### Generating sequences
To be able to train neural networks on sequential data, you need to pre-process it first. You'll chunk the data into inputs-target pairs, where the inputs are some number of consecutive data points and the target is the next data point.

Your task is to define a function to do this called create_sequences(). As inputs, it will receive data stored in a DataFrame, df and seq_length, the length of the inputs. As outputs, it should return two NumPy arrays, one with input sequences and the other one with the corresponding targets.

In [1]:
import numpy as np

def create_sequences(df, seq_length):
    xs, ys = [], []
    # Iterate over data indices
    for i in range(len(df)-seq_length ):
      	# Define inputs
        x = df.iloc[i:i+seq_length, 1]
        # Define target
        y = df.iloc[i+seq_length, 1]
        xs.append(x)
        ys.append(y)
    return np.array(xs), np.array(ys)

In [32]:
import torch, pandas as pd
from torch.utils.data import TensorDataset, DataLoader
import torch.optim as optim
import torchmetrics

In [10]:
train_data = pd.read_csv('../data/electricity_consump/electricity_train.csv')

In [12]:
x_train, y_train = create_sequences(train_data, 24*4)
print(x_train, y_train)

[[-0.70431852 -0.70431852 -0.67898263 ... -0.65364675 -0.72990776
  -0.70431852]
 [-0.70431852 -0.67898263 -0.65364675 ... -0.72990776 -0.70431852
  -0.70431852]
 [-0.67898263 -0.65364675 -0.70431852 ... -0.70431852 -0.70431852
  -0.70431852]
 ...
 [ 0.79759271  0.82292859  0.84826447 ... -0.93259484 -0.93259484
  -0.90725895]
 [ 0.82292859  0.84826447  0.77200346 ... -0.93259484 -0.90725895
  -0.93259484]
 [ 0.84826447  0.77200346  0.72133169 ... -0.90725895 -0.93259484
  -0.93259484]] [-0.70431852 -0.70431852 -0.65364675 ... -0.93259484 -0.93259484
 -0.93259484]


In [13]:
dataset_train = TensorDataset(torch.from_numpy(x_train).float(), torch.from_numpy(y_train).float()) #why we need to convert to float
print(len(dataset_train))

105119


- [ ] Why do we need to convert the tensor to float

### Sequential architectures

Whenever you face a task that requires handling sequential data, you need to be able to decide what type of recurrent architecture is the most suitable for the job.
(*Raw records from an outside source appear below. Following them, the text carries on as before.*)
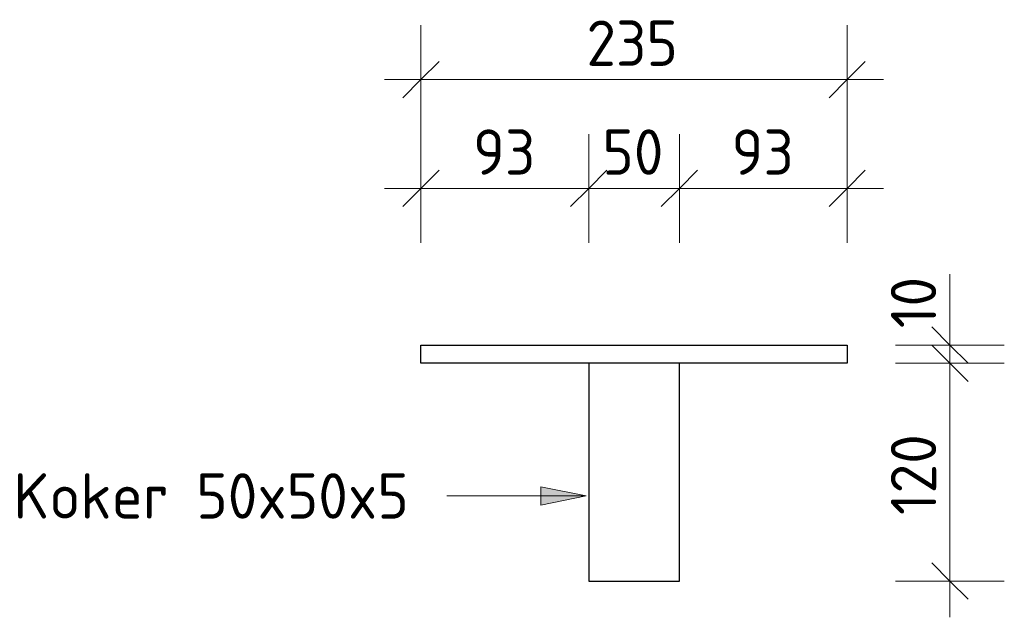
# Model space of a CAD drawing. Header units: millimetres. Extents: x -51780 to -20756, y -103 to 141413.
# Tile 5 of 11: x -21299 to -20756, y -70 to 259. Entities that reach past the tile are written whole.
import ezdxf

# ---------------------------------------------------------------- set-up
doc = ezdxf.new("R2010")
doc.units = ezdxf.units.MM
for name, color, linetype, lineweight in [('N-CO-BC-BETONVORM-G', 50, 'Continuous', 25), ('N-CO-SC-STAALVORM-G', 10, 'Continuous', 25), ('X-XX-AL-M', 7, 'Continuous', 18), ('X-XX-AL-M-10', 7, 'Continuous', 18), ('X-XX-AL-T25-1', 7, 'Continuous', 13)]:
    doc.layers.add(name, color=color, linetype=linetype, lineweight=lineweight)
doc.styles.add('NLCS-ISO_1', font='NLCS-ISO.ttf', dxfattribs={"height": 25})
doc.dimstyles.new('2_5_NLCS_diagonal_1', dxfattribs={"dimscale": 304.8, "dimtxt": 25.068874, "dimasz": 0.065617, "dimexe": 0.098425, "dimexo": 0.0625, "dimgap": 0, "dimtad": 1, "dimdec": 0, "dimzin": 0, "dimdsep": 46, "dimtxsty": 'NLCS-ISO_1', "dimblk1": 'OBLIQUE', "dimblk2": 'OBLIQUE', "dimsah": 1, "dimcen": 0.09, "dimdle": 0.065617, "dimazin": 0, "dimtfac": 1, "dimtdec": 4, "dimtix": 1, "dimtmove": 0, "dimatfit": 3, "dimfxl": 0.098425, "dimfxlon": 1, "dimtvp": 1, "dimtolj": 1, "dimtzin": 0, "dimarcsym": 2})
doc.dimstyles.new('2_5_NLCS_diagonal_3', dxfattribs={"dimscale": 304.8, "dimtxt": 25.068874, "dimasz": 0.065617, "dimexe": 0.098425, "dimexo": 0.0625, "dimgap": 0, "dimtad": 1, "dimdec": 0, "dimzin": 0, "dimdsep": 46, "dimtxsty": 'NLCS-ISO_1', "dimblk1": 'OBLIQUE', "dimblk2": 'OBLIQUE', "dimsah": 1, "dimcen": 0.09, "dimdle": 0.065617, "dimazin": 0, "dimtfac": 1, "dimtdec": 4, "dimtix": 1, "dimtmove": 1, "dimatfit": 3, "dimfxl": 0.098425, "dimfxlon": 1, "dimtvp": 1, "dimtolj": 1, "dimtzin": 0, "dimarcsym": 2})

# ---------------------------------------------------------------- blocks, each defined once
blk = doc.blocks.new('GM_Bevestigingsplaat radardetector2 - GM_Bevestigingsplaat radardetector2-3834855-Detail type Z - zijaanzicht - Dependent 1')
at = {"layer": 'N-CO-SC-STAALVORM-G'}
for p, q in [((-237897.01, 80), (-237662.01, 80)), ((-237897.01, 70), (-237897.01, 80)), ((-237662.01, 80), (-237662.01, 70)), ((-237662.01, 70), (-237897.01, 70)), ((-237804.51, 70), (-237804.51, -50)), ((-237754.51, -50), (-237754.51, 70)), ((-237804.51, -50), (-237754.51, -50))]:
    blk.add_line(p, q, dxfattribs=at)
blk = doc.blocks.new('DIMBLOCK124-Detail type Z - zijaanzicht - Dependent 1')
at = {"layer": 'X-XX-AL-M-10'}
for p, q in [((-21078.08, 196.35), (-21078.08, 256.35)), ((-20843.08, 196.35), (-20843.08, 256.35)), ((-21078.08, 226.35), (-21068.08, 236.35)), ((-20843.08, 226.35), (-20833.08, 236.35)), ((-21098.08, 226.35), (-20823.08, 226.35)), ((-21078.08, 226.35), (-21088.08, 216.35)), ((-21078.08, 226.35), (-21078.08, 196.35)), ((-20843.08, 226.35), (-20853.08, 216.35)), ((-20843.08, 226.35), (-20843.08, 196.35))]:
    blk.add_line(p, q, dxfattribs=at)
at = {"layer": 'X-XX-AL-M-10', "color": 0, "insert": (-20986.83, 258.92), "char_height": 25, "width": 63.0033, "attachment_point": 1, "line_spacing_factor": 1.135194, "style": 'NLCS-ISO_1'}
blk.add_mtext('235', dxfattribs=at)
blk = doc.blocks.new('_Oblique')
at = {"color": 0, "linetype": 'ByBlock', "lineweight": -2}
blk.add_line((-0.5, -0.5), (0.5, 0.5), dxfattribs=at)
blk = doc.blocks.new('DIMBLOCK125-Detail type Z - zijaanzicht - Dependent 1')
at = {"layer": 'X-XX-AL-M-10'}
for p, q in [((-21078.08, 136.35), (-21078.08, 196.35)), ((-20985.58, 136.35), (-20985.58, 196.35)), ((-21078.08, 166.35), (-21068.08, 176.35)), ((-20985.58, 166.35), (-20975.58, 176.35)), ((-21098.08, 166.35), (-20985.58, 166.35)), ((-21078.08, 166.35), (-21088.08, 156.35)), ((-21078.08, 166.35), (-21078.08, 136.35)), ((-20985.58, 166.35), (-20995.58, 156.35)), ((-20985.58, 166.35), (-20985.58, 136.35))]:
    blk.add_line(p, q, dxfattribs=at)
at = {"layer": 'X-XX-AL-M-10', "color": 0, "insert": (-21049.33, 198.92), "char_height": 25, "width": 42.0022, "attachment_point": 1, "line_spacing_factor": 1.135194, "style": 'NLCS-ISO_1'}
blk.add_mtext('93', dxfattribs=at)
blk = doc.blocks.new('DIMBLOCK126-Detail type Z - zijaanzicht - Dependent 1')
at = {"layer": 'X-XX-AL-M-10'}
for p, q in [((-20985.58, 136.35), (-20985.58, 196.35)), ((-20935.58, 136.35), (-20935.58, 196.35)), ((-20985.58, 166.35), (-20975.58, 176.35)), ((-20935.58, 166.35), (-20925.58, 176.35)), ((-20985.58, 166.35), (-20995.58, 156.35)), ((-20985.58, 166.35), (-20935.58, 166.35)), ((-20985.58, 166.35), (-20985.58, 136.35)), ((-20935.58, 166.35), (-20945.58, 156.35)), ((-20935.58, 166.35), (-20935.58, 136.35))]:
    blk.add_line(p, q, dxfattribs=at)
at = {"layer": 'X-XX-AL-M-10', "color": 0, "insert": (-20978.08, 198.92), "char_height": 25, "width": 42.0022, "attachment_point": 1, "line_spacing_factor": 1.135194, "style": 'NLCS-ISO_1'}
blk.add_mtext('50', dxfattribs=at)
blk = doc.blocks.new('DIMBLOCK127-Detail type Z - zijaanzicht - Dependent 1')
at = {"layer": 'X-XX-AL-M-10'}
for p, q in [((-20935.58, 136.35), (-20935.58, 196.35)), ((-20843.08, 136.35), (-20843.08, 196.35)), ((-20935.58, 166.35), (-20925.58, 176.35)), ((-20843.08, 166.35), (-20833.08, 176.35)), ((-20935.58, 166.35), (-20945.58, 156.35)), ((-20935.58, 166.35), (-20823.08, 166.35)), ((-20935.58, 166.35), (-20935.58, 136.35)), ((-20843.08, 166.35), (-20853.08, 156.35)), ((-20843.08, 166.35), (-20843.08, 136.35))]:
    blk.add_line(p, q, dxfattribs=at)
at = {"layer": 'X-XX-AL-M-10', "color": 0, "insert": (-20906.83, 198.92), "char_height": 25, "width": 42.0022, "attachment_point": 1, "line_spacing_factor": 1.135194, "style": 'NLCS-ISO_1'}
blk.add_mtext('93', dxfattribs=at)
blk = doc.blocks.new('DIMBLOCK128-Detail type Z - zijaanzicht - Dependent 1')
at = {"layer": 'X-XX-AL-M-10'}
for p, q in [((-20786.43, 119.12), (-20786.43, 89.33)), ((-20786.43, 100), (-20786.43, 70)), ((-20786.43, 80), (-20796.43, 90)), ((-20786.43, 89.33), (-20786.43, 75)), ((-20816.43, 80), (-20756.43, 80)), ((-20786.43, 80), (-20816.43, 80)), ((-20786.43, 70), (-20796.43, 80)), ((-20786.43, 80), (-20776.43, 70)), ((-20816.43, 70), (-20756.43, 70)), ((-20786.43, 70), (-20816.43, 70)), ((-20786.43, 70), (-20776.43, 60))]:
    blk.add_line(p, q, dxfattribs=at)
at = {"layer": 'X-XX-AL-M-10', "color": 0, "insert": (-20819, 89.33), "char_height": 25, "width": 35.7586, "attachment_point": 1, "rotation": 90, "line_spacing_factor": 1.135194, "style": 'NLCS-ISO_1'}
blk.add_mtext('10', dxfattribs=at)
blk = doc.blocks.new('DIMBLOCK129-Detail type Z - zijaanzicht - Dependent 1')
at = {"layer": 'X-XX-AL-M-10'}
for p, q in [((-20786.43, 70), (-20796.43, 80)), ((-20816.43, 70), (-20756.43, 70)), ((-20786.43, 70), (-20816.43, 70)), ((-20786.43, 70), (-20786.43, -70)), ((-20786.43, 70), (-20776.43, 60)), ((-20786.43, -50), (-20796.43, -40)), ((-20816.43, -50), (-20756.43, -50)), ((-20786.43, -50), (-20816.43, -50)), ((-20786.43, -50), (-20776.43, -60))]:
    blk.add_line(p, q, dxfattribs=at)
at = {"layer": 'X-XX-AL-M-10', "color": 0, "insert": (-20819, -13.65), "char_height": 25, "width": 56.7597, "attachment_point": 1, "rotation": 90, "line_spacing_factor": 1.135194, "style": 'NLCS-ISO_1'}
blk.add_mtext('120', dxfattribs=at)

msp = doc.modelspace()

# ---------------------------------------------------------------- hatches: boundary and pattern name
at = {"layer": 'X-XX-AL-T25-1'}
msp.add_hatch(color=256, dxfattribs=at).paths.add_polyline_path([(-20986.92, -3.12), (-21011.92, 1.88), (-21011.92, -8.12)], flags=0)

# ---------------------------------------------------------------- linework, layer by layer
for p, q in [((-20986.92, -3.12), (-21011.92, 1.88)), ((-21011.92, 1.88), (-21011.92, -8.12)), ((-21063.25, -3.12), (-21063.89, -3.12)), ((-20986.92, -3.12), (-21063.25, -3.12)), ((-21011.92, -8.12), (-20986.92, -3.12))]:
    msp.add_line(p, q, dxfattribs=at)

# ---------------------------------------------------------------- block references
at = {"layer": 'N-CO-BC-BETONVORM-G'}
msp.add_blockref('GM_Bevestigingsplaat radardetector2 - GM_Bevestigingsplaat radardetector2-3834855-Detail type Z - zijaanzicht - Dependent 1', (216818.93, 0), dxfattribs=at)

# ---------------------------------------------------------------- texts
at = {"layer": 'X-XX-AL-T25-1', "insert": (-21302.75, 9.38), "char_height": 25, "width": 277.3839, "attachment_point": 1, "style": 'NLCS-ISO_1'}
msp.add_mtext('Koker 50x50x5', dxfattribs=at)

# ---------------------------------------------------------------- dimensions: what is measured, and where the dimension line sits
at = {"layer": 'X-XX-AL-M'}
for base, p1, p2, override, picture, middle in [((-20843.08, 226.35), (-21078.08, 196.35), (-20843.08, 196.35), {"dimpost": '<>', "dimfxl": 235}, 'DIMBLOCK124-Detail type Z - zijaanzicht - Dependent 1', (-20960.58, 238.85)), ((-20985.58294887, 166.34905406), (-21078.08294887, 136.34905406), (-20985.58294887, 136.34905406), {"dimpost": '<>', "dimfxl": 92.5}, 'DIMBLOCK125-Detail type Z - zijaanzicht - Dependent 1', (-21031.83294887, 178.84905406)), ((-20935.58, 166.35), (-20985.58, 136.35), (-20935.58, 136.35), {"dimpost": '<>', "dimfxl": 50}, 'DIMBLOCK126-Detail type Z - zijaanzicht - Dependent 1', (-20960.58, 178.85)), ((-20843.08294887, 166.34905406), (-20935.58294887, 136.34905406), (-20843.08294887, 136.34905406), {"dimpost": '<>', "dimfxl": 92.5}, 'DIMBLOCK127-Detail type Z - zijaanzicht - Dependent 1', (-20889.33294887, 178.84905406))]:
    dim = msp.add_linear_dim(base=base, p1=p1, p2=p2, dimstyle='2_5_NLCS_diagonal_1', override=override, dxfattribs=at)
    dim.commit()
    dim.dimension.update_dxf_attribs({"geometry": picture, "text_midpoint": middle})
dim = msp.add_linear_dim(base=(-20786.43, 70), p1=(-20816.43, 80), p2=(-20816.43, 70), angle=90, dimstyle='2_5_NLCS_diagonal_3', override={"dimpost": '<>', "dimfxl": 10}, dxfattribs=at)
dim.commit()
dim.dimension.update_dxf_attribs({"geometry": 'DIMBLOCK128-Detail type Z - zijaanzicht - Dependent 1', "text_midpoint": (-20802.33, 107.2), "dimtype": 160, "text_rotation": 90})
dim = msp.add_linear_dim(base=(-20786.43, -50), p1=(-20816.43, 70), p2=(-20816.43, -50), angle=90, dimstyle='2_5_NLCS_diagonal_1', override={"dimpost": '<>', "dimfxl": 120}, dxfattribs=at)
dim.commit()
dim.dimension.update_dxf_attribs({"geometry": 'DIMBLOCK129-Detail type Z - zijaanzicht - Dependent 1', "text_midpoint": (-20798.93, 10)})

doc.saveas('drawing.dxf')

Let's test your understanding of when each architecture is applicable.

The following graphic with the four recurrent architectures might come in handy!

![Architectures](https://assets.datacamp.com/production/repositories/6312/datasets/155ceb431c790a28c6ae64640bcde881ea96a6b2/all_rnn_archs_notext.png)

(![image.png](attachment:image.png))

### Building a forecasting RNN
It's time to build your first recurrent network! It will be a sequence-to-vector model consisting of an RNN layer with two layers and a hidden_size of 32. After the RNN layer, a simple linear layer will map the outputs to a single value to be predicted.

In [14]:
import torch 
import torch.nn as nn

In [20]:
class RNNNet(nn.Module):
    def __init__(self):
        super().__init__()
        # Define RNN layer
        self.rnn = nn.RNN(
            input_size=1,
            hidden_size=32,
            num_layers=2,
            batch_first=True,
        )
        self.fc = nn.Linear(32, 1)

    def forward(self, x):
        # Initialize first hidden state with zeros
        h0 = torch.zeros(2, x.size(0), 32)
        # Pass x and h0 through recurrent layer
        out, _ = self.rnn(x, h0)  
        # Pass recurrent layer's last output through linear layer
        out = self.fc(out[:, -1, :])
        return out

### RNN vs LSTSM vs GRU

Understanding the differences between a plain RNN, LSTM, and GRU networks, including their complexity and computation needs, allows you to choose the appropriate one for your task.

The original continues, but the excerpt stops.